## What the exercise asks
Within the records below, find each line that holds the string "item", then copy it.

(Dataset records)

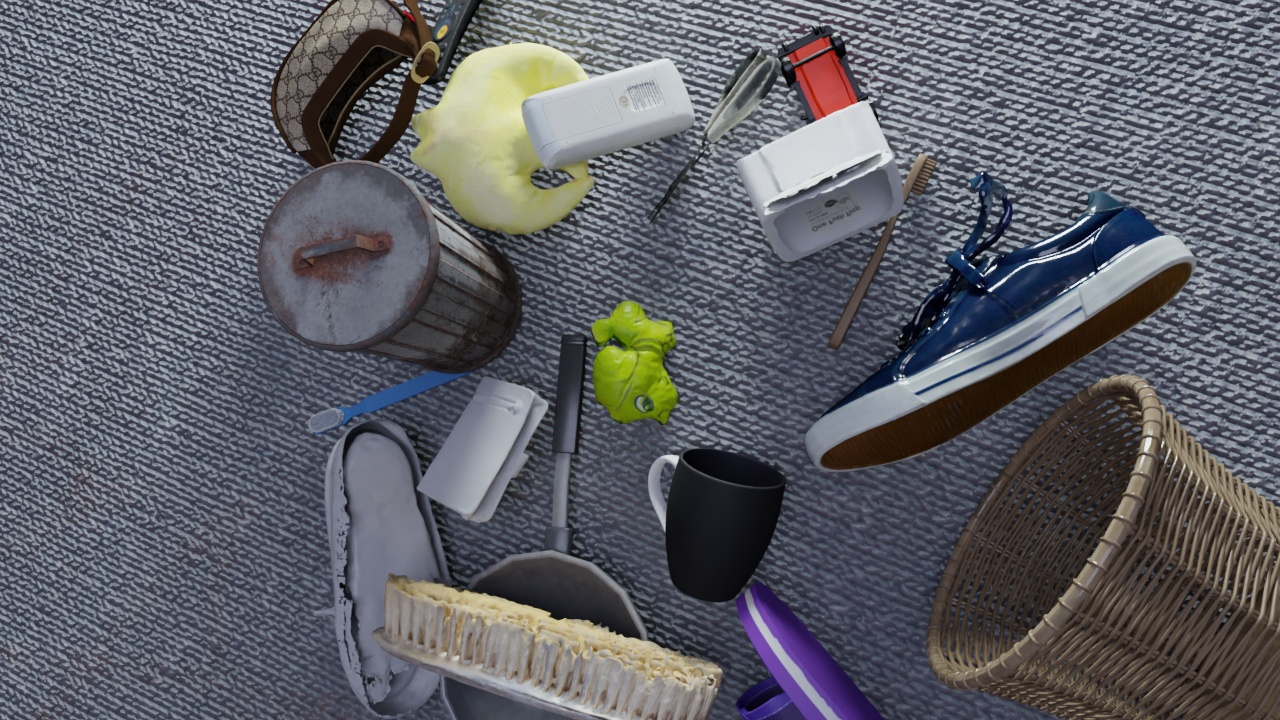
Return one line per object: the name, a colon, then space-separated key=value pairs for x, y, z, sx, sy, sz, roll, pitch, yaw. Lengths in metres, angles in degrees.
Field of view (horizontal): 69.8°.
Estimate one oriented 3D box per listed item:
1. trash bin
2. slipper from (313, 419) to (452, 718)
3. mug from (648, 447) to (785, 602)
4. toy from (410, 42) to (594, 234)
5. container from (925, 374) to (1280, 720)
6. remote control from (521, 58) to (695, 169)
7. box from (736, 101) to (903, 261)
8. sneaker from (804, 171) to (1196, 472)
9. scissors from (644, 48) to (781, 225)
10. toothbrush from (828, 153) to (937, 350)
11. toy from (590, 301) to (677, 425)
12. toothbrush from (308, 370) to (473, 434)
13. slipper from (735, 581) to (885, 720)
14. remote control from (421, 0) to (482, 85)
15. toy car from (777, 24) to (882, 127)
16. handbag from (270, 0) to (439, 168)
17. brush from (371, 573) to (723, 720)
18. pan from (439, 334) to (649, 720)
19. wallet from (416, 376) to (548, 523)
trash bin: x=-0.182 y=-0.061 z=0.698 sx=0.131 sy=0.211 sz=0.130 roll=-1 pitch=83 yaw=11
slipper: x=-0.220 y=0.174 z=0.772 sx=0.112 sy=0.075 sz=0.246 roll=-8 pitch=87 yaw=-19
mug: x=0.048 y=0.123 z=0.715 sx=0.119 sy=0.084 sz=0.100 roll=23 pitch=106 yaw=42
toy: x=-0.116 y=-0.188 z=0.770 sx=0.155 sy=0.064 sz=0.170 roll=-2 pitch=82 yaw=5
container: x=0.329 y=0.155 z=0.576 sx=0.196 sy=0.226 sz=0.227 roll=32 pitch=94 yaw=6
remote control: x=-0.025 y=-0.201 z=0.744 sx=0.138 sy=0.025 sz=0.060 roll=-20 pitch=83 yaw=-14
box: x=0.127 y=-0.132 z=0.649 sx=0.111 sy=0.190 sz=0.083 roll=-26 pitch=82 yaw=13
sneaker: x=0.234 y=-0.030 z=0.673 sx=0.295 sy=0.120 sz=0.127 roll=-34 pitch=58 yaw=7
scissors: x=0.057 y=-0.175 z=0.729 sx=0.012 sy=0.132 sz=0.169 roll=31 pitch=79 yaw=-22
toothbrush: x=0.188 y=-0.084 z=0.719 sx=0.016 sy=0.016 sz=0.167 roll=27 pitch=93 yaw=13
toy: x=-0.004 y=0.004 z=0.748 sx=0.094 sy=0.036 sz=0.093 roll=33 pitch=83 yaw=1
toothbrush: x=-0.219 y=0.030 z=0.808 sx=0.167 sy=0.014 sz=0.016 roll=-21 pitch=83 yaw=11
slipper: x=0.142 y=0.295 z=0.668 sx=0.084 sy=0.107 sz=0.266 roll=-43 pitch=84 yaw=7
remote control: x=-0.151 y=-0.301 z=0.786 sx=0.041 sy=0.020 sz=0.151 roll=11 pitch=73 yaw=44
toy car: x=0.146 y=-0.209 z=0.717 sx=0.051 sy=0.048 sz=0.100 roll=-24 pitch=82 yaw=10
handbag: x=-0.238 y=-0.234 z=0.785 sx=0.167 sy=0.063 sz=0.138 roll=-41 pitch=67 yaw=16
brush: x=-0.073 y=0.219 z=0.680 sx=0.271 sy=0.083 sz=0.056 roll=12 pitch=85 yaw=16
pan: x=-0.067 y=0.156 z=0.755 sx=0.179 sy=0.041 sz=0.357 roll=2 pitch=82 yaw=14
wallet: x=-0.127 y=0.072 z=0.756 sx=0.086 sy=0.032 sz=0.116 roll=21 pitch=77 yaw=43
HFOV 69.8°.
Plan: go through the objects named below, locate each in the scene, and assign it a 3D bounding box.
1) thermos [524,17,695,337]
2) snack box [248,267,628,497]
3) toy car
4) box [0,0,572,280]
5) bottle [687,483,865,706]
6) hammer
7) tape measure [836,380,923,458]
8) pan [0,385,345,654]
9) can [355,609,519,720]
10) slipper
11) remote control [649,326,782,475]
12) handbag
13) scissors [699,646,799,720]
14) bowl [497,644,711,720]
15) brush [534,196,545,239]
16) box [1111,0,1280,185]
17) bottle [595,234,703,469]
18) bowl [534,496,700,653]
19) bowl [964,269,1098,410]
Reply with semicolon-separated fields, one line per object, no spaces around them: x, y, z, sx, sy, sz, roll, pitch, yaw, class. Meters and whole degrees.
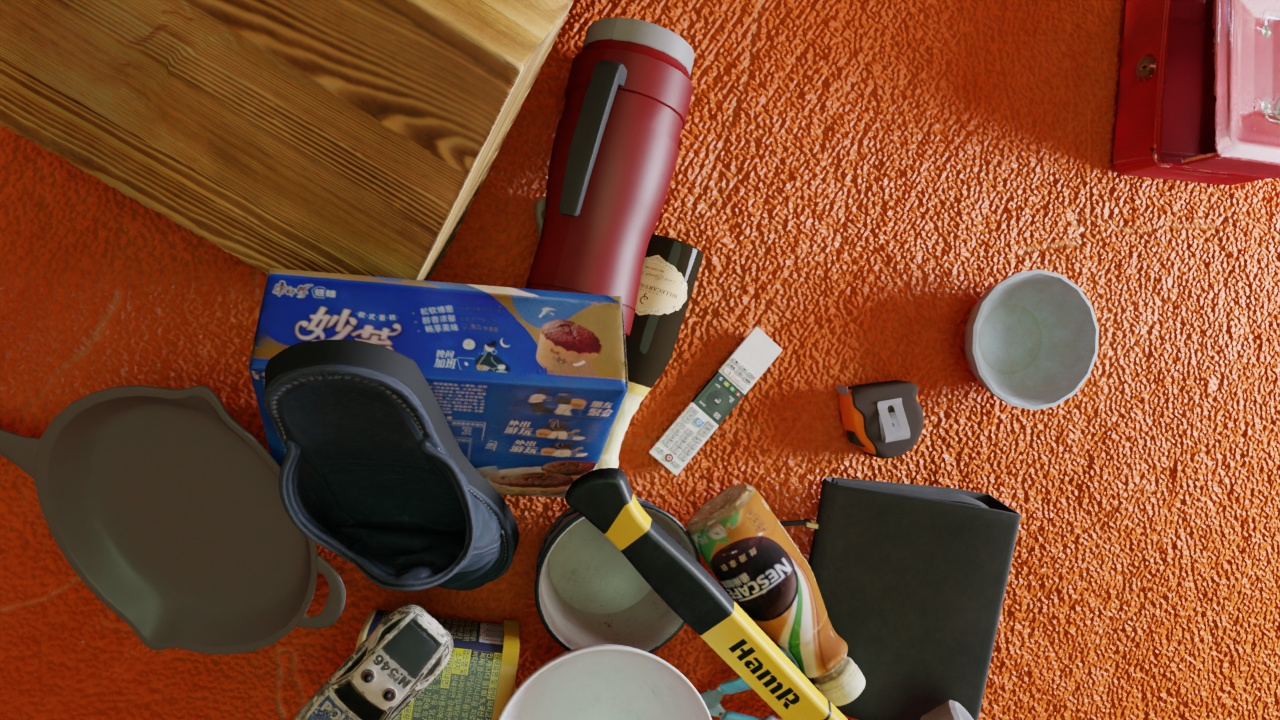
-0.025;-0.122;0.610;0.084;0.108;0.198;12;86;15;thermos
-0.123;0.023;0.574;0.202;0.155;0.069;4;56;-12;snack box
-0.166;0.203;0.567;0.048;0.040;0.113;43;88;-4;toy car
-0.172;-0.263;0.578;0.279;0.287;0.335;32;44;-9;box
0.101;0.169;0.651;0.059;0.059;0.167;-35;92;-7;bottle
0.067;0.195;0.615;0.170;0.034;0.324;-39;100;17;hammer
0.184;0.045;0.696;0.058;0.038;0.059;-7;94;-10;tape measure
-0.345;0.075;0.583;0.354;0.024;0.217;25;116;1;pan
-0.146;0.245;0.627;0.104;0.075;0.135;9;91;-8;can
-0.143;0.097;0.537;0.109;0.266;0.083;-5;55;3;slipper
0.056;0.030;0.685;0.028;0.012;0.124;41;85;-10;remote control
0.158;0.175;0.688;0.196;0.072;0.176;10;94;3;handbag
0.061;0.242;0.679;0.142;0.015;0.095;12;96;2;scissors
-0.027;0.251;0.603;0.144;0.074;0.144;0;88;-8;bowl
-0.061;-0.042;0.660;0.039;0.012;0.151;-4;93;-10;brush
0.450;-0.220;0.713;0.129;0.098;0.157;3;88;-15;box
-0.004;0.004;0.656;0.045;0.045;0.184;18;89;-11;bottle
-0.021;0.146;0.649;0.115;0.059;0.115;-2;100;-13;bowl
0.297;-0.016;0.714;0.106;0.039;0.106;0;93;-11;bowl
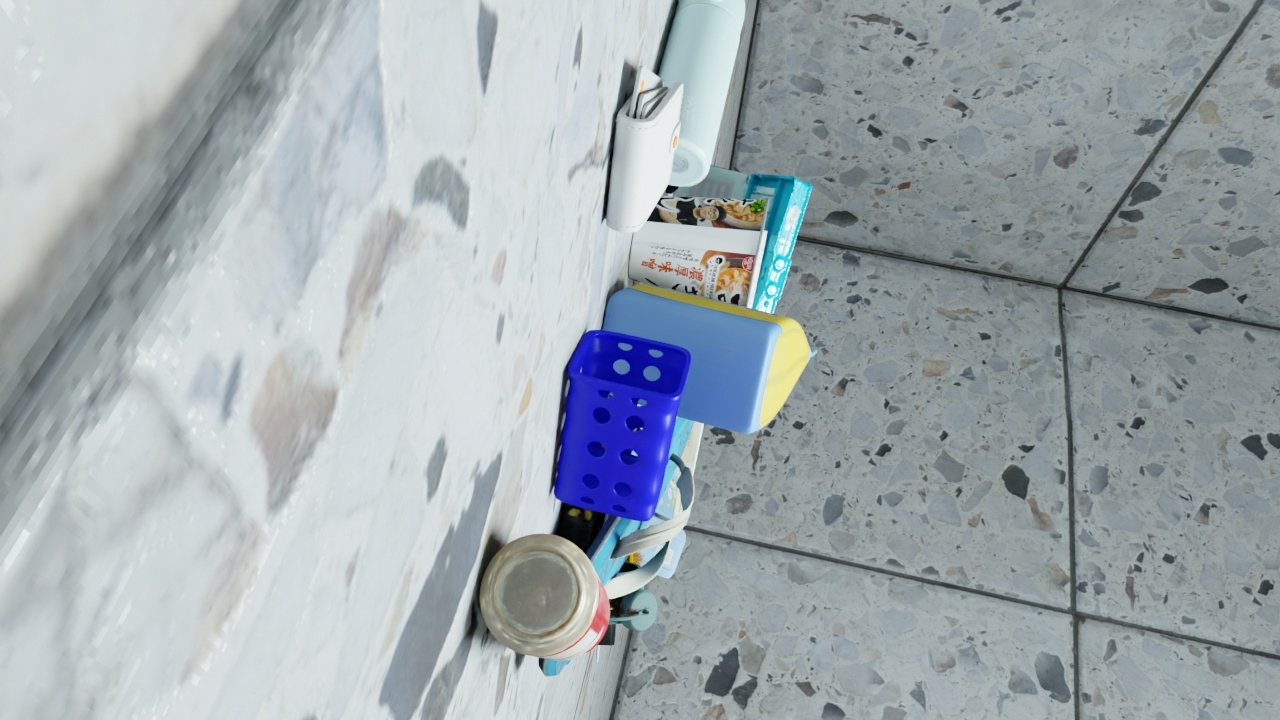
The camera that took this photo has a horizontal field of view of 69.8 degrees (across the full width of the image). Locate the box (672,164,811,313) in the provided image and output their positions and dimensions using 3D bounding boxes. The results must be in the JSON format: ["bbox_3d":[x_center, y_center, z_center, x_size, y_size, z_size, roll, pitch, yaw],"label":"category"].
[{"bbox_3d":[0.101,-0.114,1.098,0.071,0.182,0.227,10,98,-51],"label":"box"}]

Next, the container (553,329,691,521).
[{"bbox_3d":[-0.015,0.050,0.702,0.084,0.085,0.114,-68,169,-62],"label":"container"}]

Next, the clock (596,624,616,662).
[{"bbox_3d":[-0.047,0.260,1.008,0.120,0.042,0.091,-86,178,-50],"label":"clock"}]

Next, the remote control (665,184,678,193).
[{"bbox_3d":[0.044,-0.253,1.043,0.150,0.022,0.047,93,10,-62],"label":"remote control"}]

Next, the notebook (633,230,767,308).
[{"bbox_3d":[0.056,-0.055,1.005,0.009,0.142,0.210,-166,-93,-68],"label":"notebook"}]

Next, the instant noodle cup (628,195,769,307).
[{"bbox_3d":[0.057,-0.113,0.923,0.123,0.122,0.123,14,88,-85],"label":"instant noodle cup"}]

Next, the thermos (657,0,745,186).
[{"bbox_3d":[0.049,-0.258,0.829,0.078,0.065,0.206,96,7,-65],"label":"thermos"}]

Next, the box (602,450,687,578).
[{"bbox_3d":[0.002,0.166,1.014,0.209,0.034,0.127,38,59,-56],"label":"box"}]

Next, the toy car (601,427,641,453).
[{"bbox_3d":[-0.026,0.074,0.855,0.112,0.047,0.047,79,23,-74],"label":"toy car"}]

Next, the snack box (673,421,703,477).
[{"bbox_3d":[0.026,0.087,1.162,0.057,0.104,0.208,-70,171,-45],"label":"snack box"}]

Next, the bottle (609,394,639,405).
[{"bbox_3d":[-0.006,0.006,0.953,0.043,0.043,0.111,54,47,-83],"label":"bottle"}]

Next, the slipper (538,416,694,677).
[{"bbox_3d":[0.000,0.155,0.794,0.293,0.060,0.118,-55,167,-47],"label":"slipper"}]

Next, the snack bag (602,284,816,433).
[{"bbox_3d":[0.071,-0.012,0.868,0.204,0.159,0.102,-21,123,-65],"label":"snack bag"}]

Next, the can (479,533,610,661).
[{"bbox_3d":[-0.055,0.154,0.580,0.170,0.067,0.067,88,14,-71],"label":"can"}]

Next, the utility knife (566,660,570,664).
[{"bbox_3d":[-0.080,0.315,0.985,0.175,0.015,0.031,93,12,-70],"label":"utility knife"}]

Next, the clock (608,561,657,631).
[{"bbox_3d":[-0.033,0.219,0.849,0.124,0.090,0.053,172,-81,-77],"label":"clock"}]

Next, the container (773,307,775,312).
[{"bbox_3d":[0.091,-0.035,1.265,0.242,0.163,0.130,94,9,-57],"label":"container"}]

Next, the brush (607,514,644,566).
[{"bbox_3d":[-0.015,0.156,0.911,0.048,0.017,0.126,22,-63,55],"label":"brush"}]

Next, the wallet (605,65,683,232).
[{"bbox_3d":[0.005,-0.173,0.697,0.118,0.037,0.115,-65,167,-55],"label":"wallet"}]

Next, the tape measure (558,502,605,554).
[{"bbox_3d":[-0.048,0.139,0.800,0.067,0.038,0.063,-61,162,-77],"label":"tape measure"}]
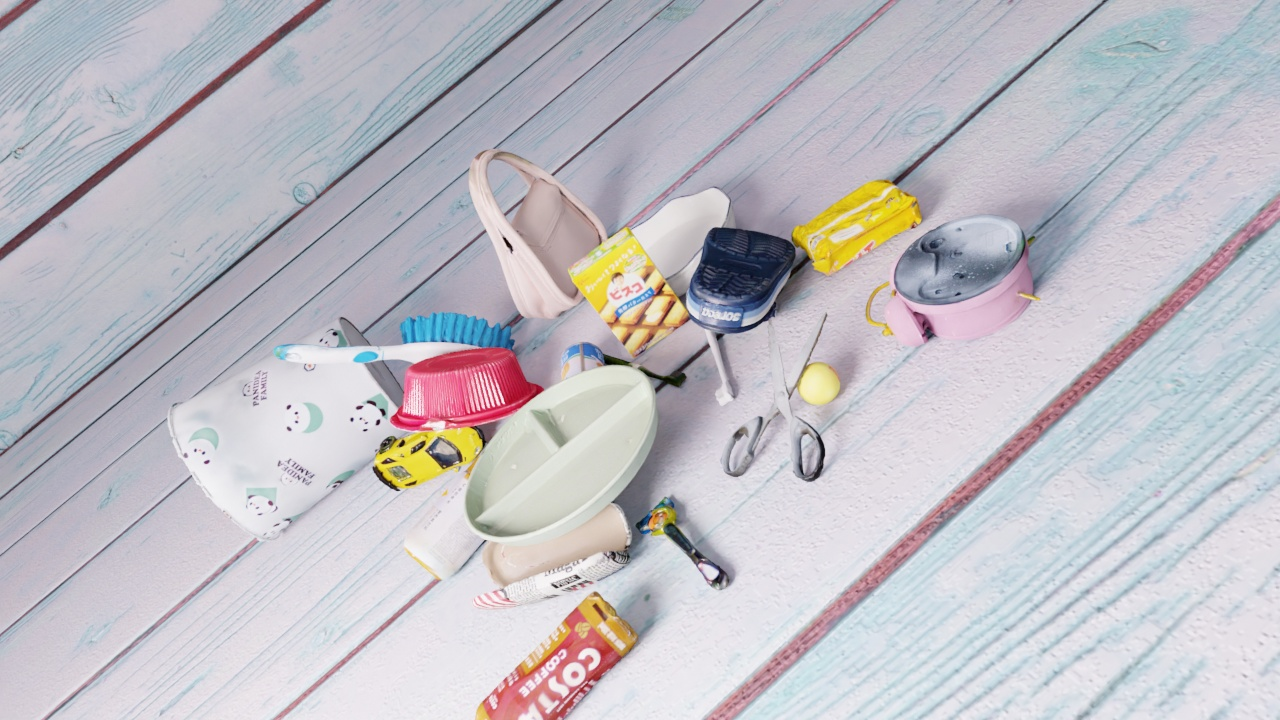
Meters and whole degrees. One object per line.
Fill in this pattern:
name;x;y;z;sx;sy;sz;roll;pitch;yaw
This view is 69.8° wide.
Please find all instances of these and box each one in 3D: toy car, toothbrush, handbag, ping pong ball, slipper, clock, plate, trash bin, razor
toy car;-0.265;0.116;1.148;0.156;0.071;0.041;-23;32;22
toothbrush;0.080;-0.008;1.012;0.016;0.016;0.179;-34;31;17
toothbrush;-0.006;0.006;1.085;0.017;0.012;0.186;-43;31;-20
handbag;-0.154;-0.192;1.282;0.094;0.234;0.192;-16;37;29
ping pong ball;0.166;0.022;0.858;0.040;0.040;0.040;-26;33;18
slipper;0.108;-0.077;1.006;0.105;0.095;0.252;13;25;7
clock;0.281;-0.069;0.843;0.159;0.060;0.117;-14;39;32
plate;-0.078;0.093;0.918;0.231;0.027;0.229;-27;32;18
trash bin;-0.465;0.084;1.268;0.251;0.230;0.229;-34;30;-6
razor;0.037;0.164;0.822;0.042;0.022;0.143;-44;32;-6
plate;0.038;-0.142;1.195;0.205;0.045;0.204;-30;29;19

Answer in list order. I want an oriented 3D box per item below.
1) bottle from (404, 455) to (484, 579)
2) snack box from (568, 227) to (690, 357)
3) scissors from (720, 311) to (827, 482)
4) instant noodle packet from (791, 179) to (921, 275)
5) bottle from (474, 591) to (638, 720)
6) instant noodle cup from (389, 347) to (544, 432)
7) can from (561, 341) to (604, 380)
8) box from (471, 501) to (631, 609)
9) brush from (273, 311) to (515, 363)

## Response
Estimate one oriented 3D box per listed item:
Answer in list order. I want an oriented 3D box per item below.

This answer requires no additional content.